The best way to track down heap corruption and memory errors in general is to use a heap debugger such as valgrind
Classes like std::vector and std::string are allowed to throw bad_alloc or other exceptions. After all, they have to use some memory that comes from somewhere, and any computer only has so much memory to go around.
Standard 17.6.5.12/4:
Destructor operations defined in the C++ standard library shall not throw exceptions. Every destructor in the C++ standard library shall behave as if it had a non-throwing exception specification. Any other functions defined in the C++ standard library that do not have an exception-specification may throw implementation-defined exceptions unless otherwise specified. [Footnote 1] An implementation may strengthen this implicit exception-specification by adding an explicit one.

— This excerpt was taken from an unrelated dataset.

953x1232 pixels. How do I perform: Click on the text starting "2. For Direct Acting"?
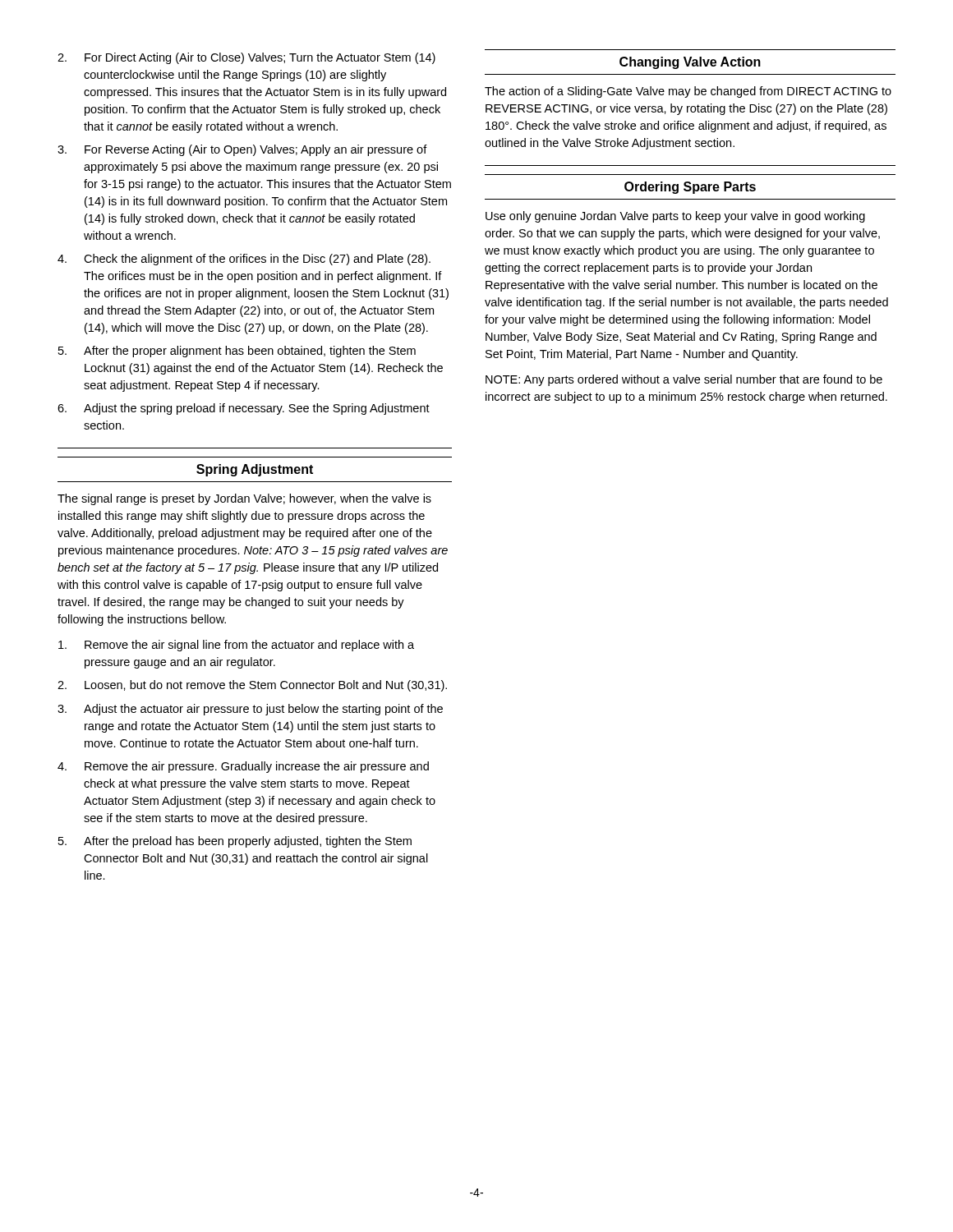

Footnote 1: In particular, they can report a failure to allocate storage by throwing an exception of type bad_alloc, or a class derived from bad_alloc (18.6.2.1). Library implementations should report errors by throwing exceptions of or derived from the standard exception classes (18.6.2.1, 18.8, 19.2).
If I am not using "new" and "delete", and all of my variables are being initialized INSIDE of local functions, is it possible to have memory leaks / allocation problems through repeated function calls?
Unclear. If all the variables you refer to are local, no. If you're using malloc(), calloc(), and free(), yes.
Is there any chance I am running low on stack memory, if I am doing the whole program through the stack?
Not if you get bad_alloc. If you got a 'stack overflow' error, yes.
Is it possible I need to load some of my big lookup tables (maps, etc.) on the heap and then just use the stack for my iterations where speed is important?
Well, it's hard to believe that you need a local copy of a lookup table in every stack frame of a recursive method.
Is there a problem with using resize a lot related to memory?
Of course. You can run out.
Could this be an instance where I should use "new" and "delete"
Impossible today without knowing more about your data structures.
(I've been warned in many instances not to use those unless there is a very strong, specific reason to do so)?
By whom? Why?
Within the problem function, I am creating a class variable,
You are creating an instance of the class on the stack. I think. Please clarify.
then writing over that variable about 20 times (once for each "iteration" of my model).
With an assignment? Does the class have an assignment operator? Is it correct? Does the class itself use heap memory? Is it correctly allocated and deleted on construction, destruction, and assignment?
Since, as you said, you are using std::vector with default allocator, problem occurs when you use a lot of std::vector::resize(...) and it occurs after some iterations, my guess is that you run into heap fragmentation problem.